La grossesse représente une période particulière durant laquelle la future mère doit veiller à sa santé et à son alimentation. Le Haut Conseil de la santé publique (HCSP) a récemment actualisé les repères alimentaires du Programme national nutrition santé pour les femmes enceintes et allaitantes. Zoom sur ces nouvelles recommandations.

grossesse et allaitement

De l’importance d’une alimentation saine pendant la grossesse

La grossesse représente une période de la vie où la « prise de conscience nutritionnelle » de nombreuses femmes s’accroît. Souhaitant le meilleur pour leur bébé, les futures mères vont veiller à leur alimentation. Cette attention est portée pendant près de neuf mois, et au-delà, si elles choisissent d’allaiter. Ainsi, la grossesse est propice à l’adoption d’un mode de vie sain et pérenne. Elle induit une modification des habitudes alimentaires et plus globalement du mode de vie.

C’est dire combien la qualité de l’alimentation s’avère importante durant cette tranche de vie courte et longue à la fois. Le HCSP vient d’actualiser les repères alimentaires du Programme national nutrition santé destinés aux femmes enceintes et allaitantes.

À savoir ! Ces nouveaux repères alimentaires s’adressent aux femmes enceintes en l’absence de régime alimentaire particulier (régimes pour raisons de santé ou régimes d’exclusion), de pathologies préexistantes (obésitéchirurgie bariatrique) ou de pathologies propres à la grossesse (comme le diabète gestationnel).

Des repères alimentaires actualisés pour les femmes enceintes et allaitantes

Dans ce nouvel avis de l’HCSP, les conseils nutritionnels généraux et spécifiques ont été mis à jour.

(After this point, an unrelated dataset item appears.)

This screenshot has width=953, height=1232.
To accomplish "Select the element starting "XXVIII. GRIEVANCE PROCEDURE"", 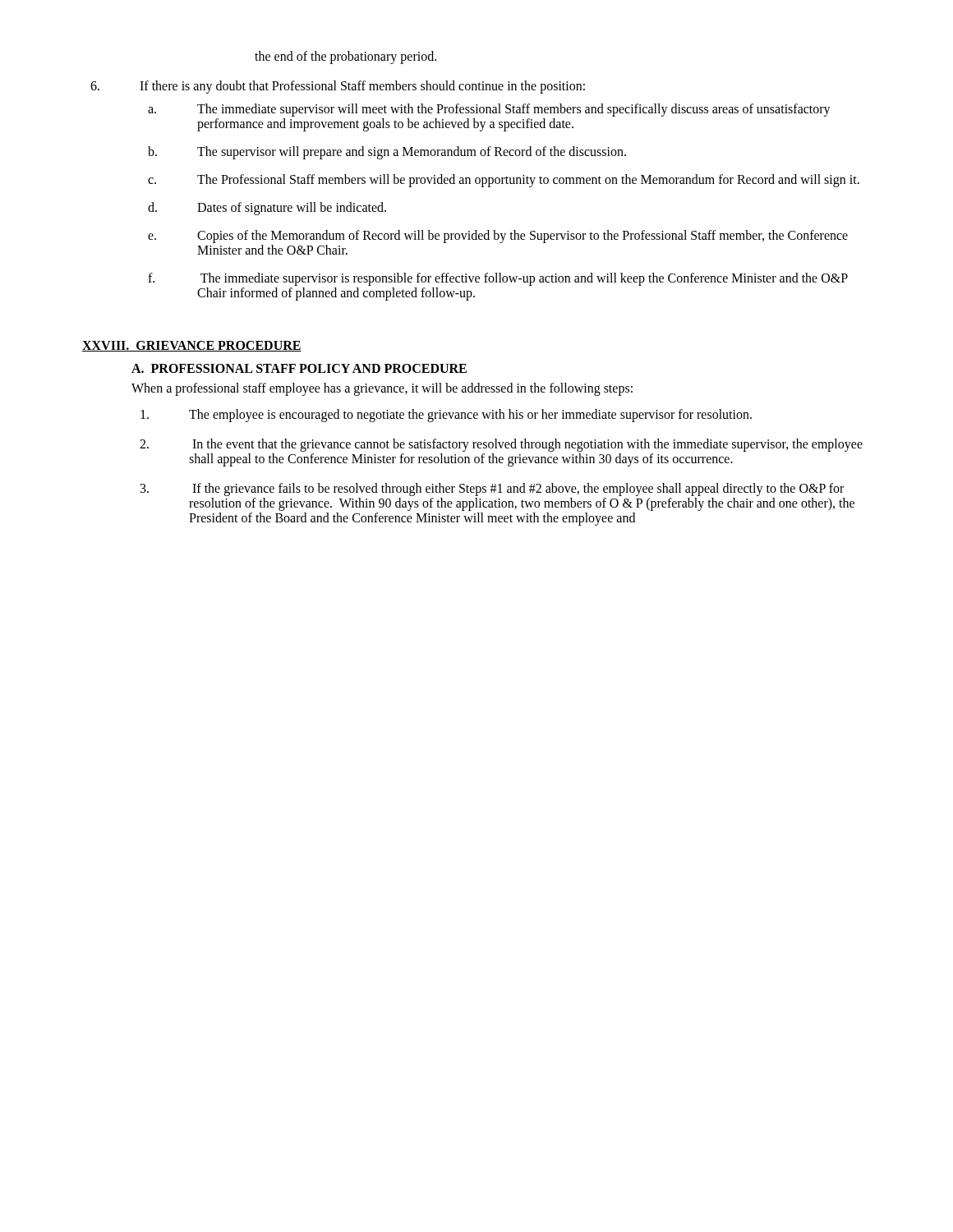I will 192,346.

Les repères nutritionnels généraux pour la femme enceinte et allaitante sont très similaires à ceux de la population générale adulte. Ils comptent la consommation de 5 fruits et légumes par jour, réduction de la consommation de viande rouge, de produits sucrés et salés etc. Le HSCP délivre également des recommandations nutritionnelles spécifiques.

C’est ainsi que la femme enceinte devra particulièrement surveiller sa prise de poids afin d’éviter d’éventuelles complications ultérieures. Mais attention, les régimes amaigrissants sont à proscrire durant la grossesse ! Il faut également stopper la consommation d’alcool en raison de son caractère tératogène. En effet, elle est susceptible de provoquer des malformations chez les enfants exposés in utero. Quant à l’information sur la contamination par certains agents microbiens durant la grossesse, elle devra être renforcée auprès de toute femme en âge de procréer. Par ailleurs, la grossesse s’accompagne d’une hausse des besoins en nutriments. Ainsi, la femme enceinte se trouve parfois exposée à des carences en vitamines et minéraux. Ces éléments devront faire l’objet d’un suivi médical spécifique voire de prescriptions individualisées.

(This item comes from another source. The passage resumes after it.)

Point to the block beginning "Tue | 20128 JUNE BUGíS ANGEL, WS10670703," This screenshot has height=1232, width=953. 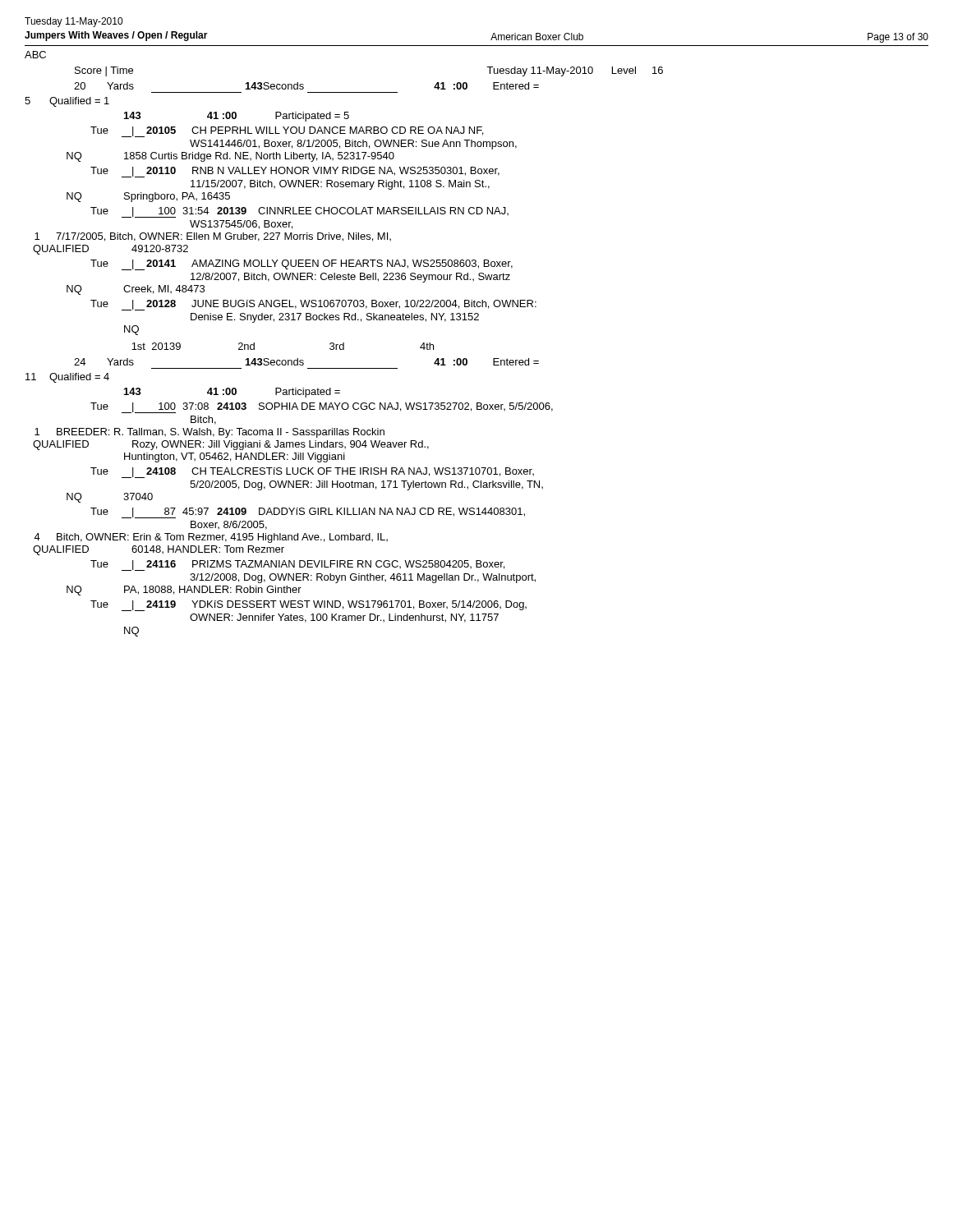281,304

Si les repères nutritionnels présentés dans cet avis s’adressent spécifiquement aux femmes enceintes et allaitantes, le HSCP tient néanmoins à souligner l’importance de la continuité entre la période pré-conceptionnelle, la grossesse et l’allaitement. Dès lors, il délivre un message fondamental en préconisant «une alimentation équilibrée dès avant la grossesse pour prévenir un certain nombre de pathologies fœtales et maternelles, dont certaines peuvent se développer en début de grossesse, et avant même la connaissance de la grossesse ». L’instance recommande ainsi de débuter une supplémentation en folates avant même la conception de l’enfant et de la prolonger pendant 3 mois après la conception (à raison de 0,4 mg/jour et jusqu’à 5 mg/jour en cas d’antécédent de déficit en vitamine B9 et B12).

Des informations dosées et vérifiées

Ces nouveaux repères alimentaires du HSCP serviront de support à l’élaboration de messages de communication destinés au grand public. L’objectif étant de délivrer aux femmes une information claire et lisible.

Mais dans le contexte épidémique actuel, il faut doser les informations et recommandations délivrées aux femmes enceintes et allaitantes. Le but étant de ne pas les angoisser outre mesure.  De même, la fiabilité et la cohérence de ces messages s’avèrent essentielles. Pour avoir accès à des informations vérifiées, les femmes enceintes et allaitantes pourront s’adresser aux différents professionnels de santé qui les accompagnent ou consulter des sites de référence officiels mis en place par Santé publique France tels que https://www.1000-premiers-jours.fr/fr et https://www.mangerbouger.fr/.

Déborah L., Docteur en Pharmacie

plan stratégique OMS contre la Covid-19

l’OMS met à jour son plan stratégique | Thierry Payet

La pandémie n’est pas finie. Selon l’Organisation Mondiale de la Santé (OMS), la semaine dernière, plus de 10 millions de personnes ont été infectées par le SARS-CoV-2 dans le monde et 45 000 en sont décédées. Dans ce contexte, l’OMS publie une mise à jour de son plan stratégique de préparation et de réponse à la pandémie de Covid-19. L’accès équitable à la vaccination y occupe une place importante.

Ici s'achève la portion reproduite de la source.